March 20, 2015 By Cyd Notter

Fiber foods

Dear Coach:  This is embarrassing, but let’s just say that I have a hard time eliminating food from my system.  I notice a lot of TV commercials for fiber supplements, and I wonder if this is something I should consider.  What are your thoughts?  (name withheld)

Dear Nameless:  You’re on the right track by wanting to increase your fiber; however, the best way to do that would be to simply eat more plants.  Fiber is found exclusively in plant foods (fruits, vegetables, grains, starches, legumes, beans, nuts and seeds).  There is no fiber in meat, dairy, coffee or baked goods.  During my nutrition classes, I sometimes ask this question:  which has more fiber: one egg, one glass of milk, or 3 oz. of tuna?  It’s a trick question, because there is NO fiber in dairy, fish or other animal foods.

The average American consumes approximately 13-17 grams of fiber daily, and most nutritionists recommend 35 grams.  But in countries where cancer and heart disease are very low, fiber consumption exceeds 45 grams per day.  Shoot for 45 grams per day!  This is easy to achieve – through food – when you switch to a whole food, plant based diet (for example, one cup of bran cereal contains nearly 20 grams, one cup of cooked black beans has nearly 14 grams, and one medium apple has 5 grams).

There are two types of fiber – soluble and insoluble.  Soluble (dissolves in water) is found in raw fruit (apples, pears, strawberries), oatmeal, lentils, flaxseeds, veggies, bean, legumes, oat cereals, bran and barley.  Soluble fiber lowers cholesterol by soaking up excess cholesterol in the bloodstream.

Insoluble fiber (does not dissolve in water) is roughage that scrubs the intestinal walls and keeps bowel movements regular and soft.  Insoluble fiber is found in whole grains like wheat germ, wild rice, wheat and rice bran, buckwheat, corn meal, millet and whole wheat.

High fiber foods
High fiber foods

The consumption of high-fiber foods also contributes greatly to a person’s ability to achieve and maintain optimal weight.  It’s difficult to over-consume high-fiber foods.  For example, a bowl of split pea soup can have as much as 14 grams of fiber.  You’d feel as though you were going to explode before you would over-consume.  For every 14 grams of fiber consumed, calorie intake is reduced by about 10%, so weight loss can occur without hunger, deprivation, or will power.  You can easily find the fiber content of various foods by doing an on-line search.  Increase your fiber intake gradually, as your bowel habits will most likely change rather quickly.

What about Fiber bars and Fiber cereals?
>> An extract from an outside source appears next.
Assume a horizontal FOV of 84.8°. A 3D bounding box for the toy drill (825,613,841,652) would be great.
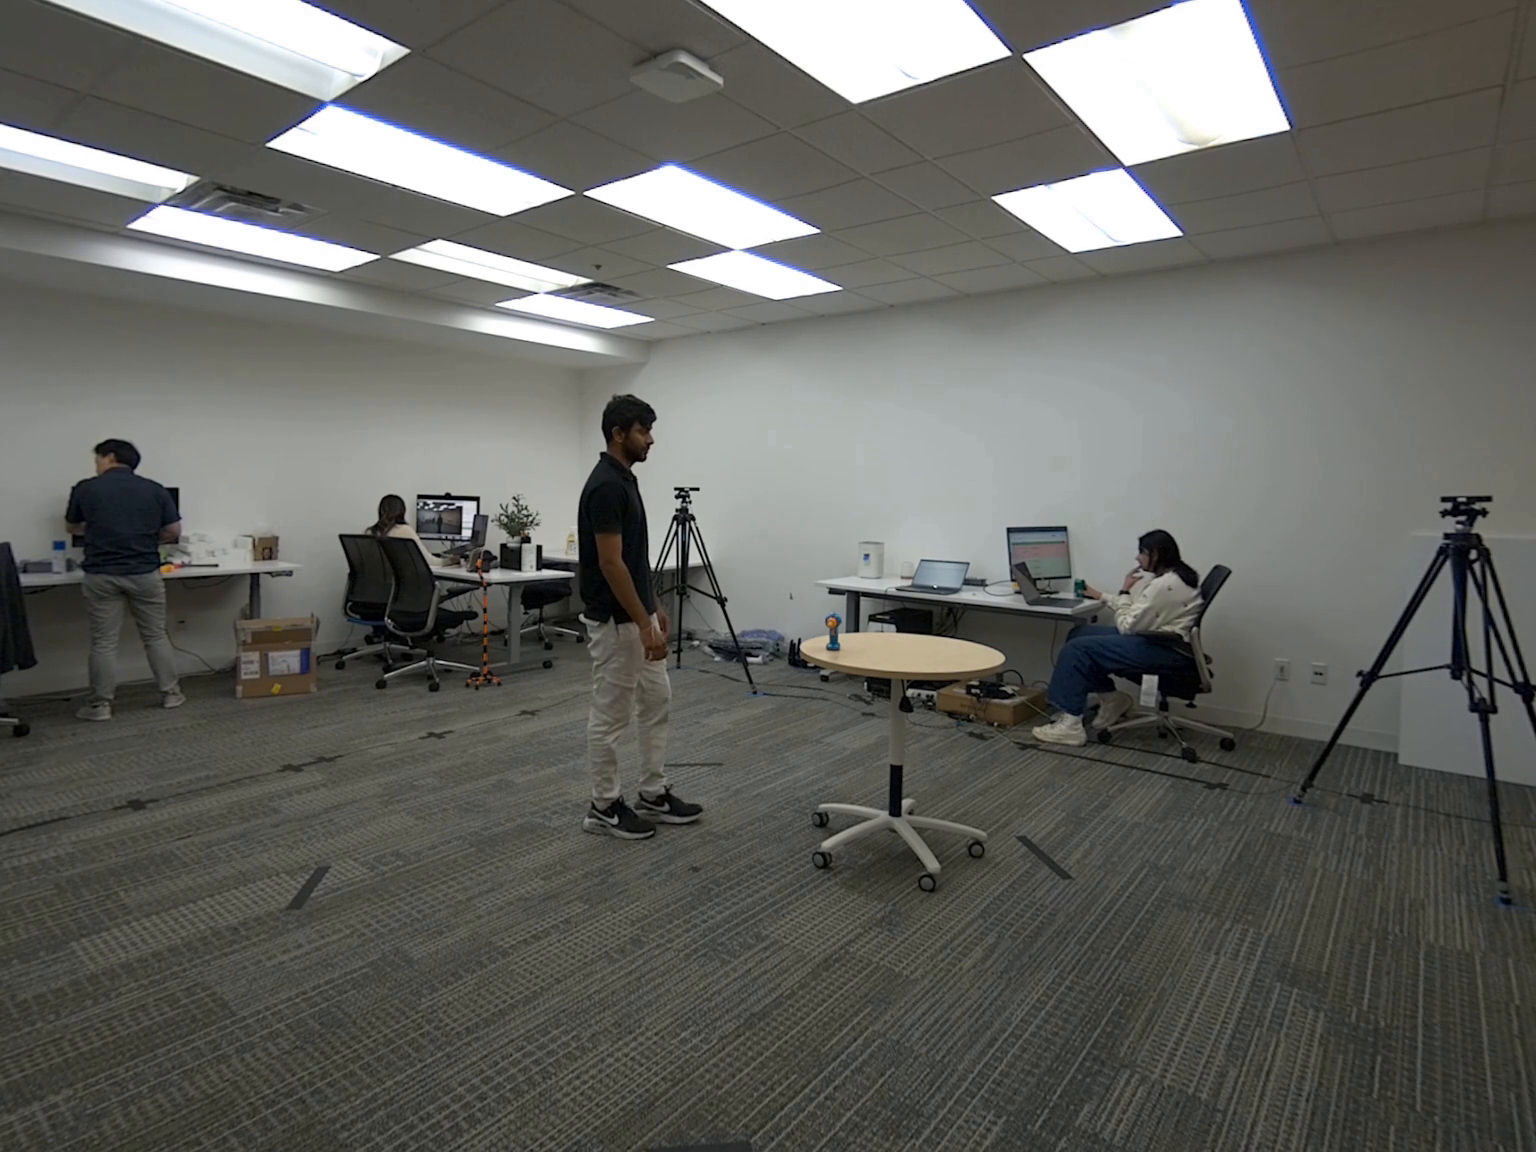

These products contain “functional fiber” (man-made fiber), and they do not deliver the same benefits as the fiber in whole foods.  Functional fibers are non-digestible carbohydrates that are isolated from foods.  On a food label they appear as maltodextrin, polydextrose, and cellulose. Cellulose is a functional fiber that comes from oat hull fiber, wheat fiber, pea fiber, soy fiber and cottonseed fiber. Functional fibers are not the same as dietary fiber consumed in foods like vegetables, grains and legumes.

Other important benefits of a high-fiber, plant based diet range from lowering cholesterol to regulating blood sugar; and such a diet is also protective against developing many diseases, including breast cancer (and prostate cancer).  Researchers in England performed a meta-analysis and determined that every 10 gram increase in soluble fiber consumption was associated with a 26% decrease in the risk of developing breast cancer.  They also concluded that the greatest risk reduction occurred when fiber intake was higher than 25 grams per day.  Fiber helps lower estrogen levels by removing estrogen in the feces.  Studies also show a definite decrease in the risk of prostate cancer when consuming a high-fiber diet.

Another benefit is that in addition to feeding colonies of beneficial bacteria and preventing Zucchini Bean Burritosconstipation, a high-fiber diet reduces the risk for infections that result in taking antibiotics, steroids and other drugs that destroy beneficial bacteria.

Lastly, according to reorted results from the Polyp Prevention Trial in 2009, a high-fiber diet reduces the recurrence of colon polyps.  1905 participants who were at least 35 years old and had at least one confirmed colorectal polyp were included in the study.  Those eating the high fiber diet had a 35% lower risk of precancerous polyp recurrence as compared to those who did not change their diet.  The high-fiber diet reduced the risk of advanced polyp recurrence by 50%. In countries where people consume a very high fiber diet (such as northern Africa), the risk of developing colorectal cancer is very low.  On the other hand, in countries like the U.S., where less fiber is consumed, colorectal cancer rates are very high.

If you need help with structuring a diet to include lots of delicious, high-fiber foods, please contact me at www.cydnotter.com.  (Sources:  Dr. Pam Popper, The Wellness Forum Health Briefs;  Aune D, Chan DSM, Greenwood, DC et al. “Dietary fiber and breast cancer risk: a systematic review and meta-analysis of prospective studies.” Annals of Oncology published online ahead of print doi.10.1093/annonc/mdr589; J.E. Cade, et al, “Dietary fiber and risk of breast cancer in the UK Women’s Cohort Study,” Int J Epidem published online doi:10.1093/ije/dy1295)

 

Filed Under: Articles of Interest, My Blog Tagged With: fiber, fiber foods, fiber in plants, whole foods

Coconut Oil – Miracle Food or Marketing Hype?

March 3, 2015 By Cyd Notter

       Coconut Oil – (Source: Dr. Pam Popper, The Wellness Forum)

coconut oil     By January 2006, food companies were required to clearly state on their labels the amount of trans fat in packaged foods. Knowing that consumers would begin avoiding the consumption of foods containing trans-fat, many of them have replaced trans-fat with palm oil, coconut oil and other tropical oils. This does not represent an improvement in these packaged foods and they should still be avoided.

Tropical oils are saturated fats… the type that raises cholesterol levels, clogs arteries and increases the risk of many degenerative diseases, including heart disease.  Coconut oil is 100% pure fat, 92% of which is saturated (which means that it is more saturated than butter or lard).  Coconut oil will elevate cholesterol levels more than any other fat because it is so saturated.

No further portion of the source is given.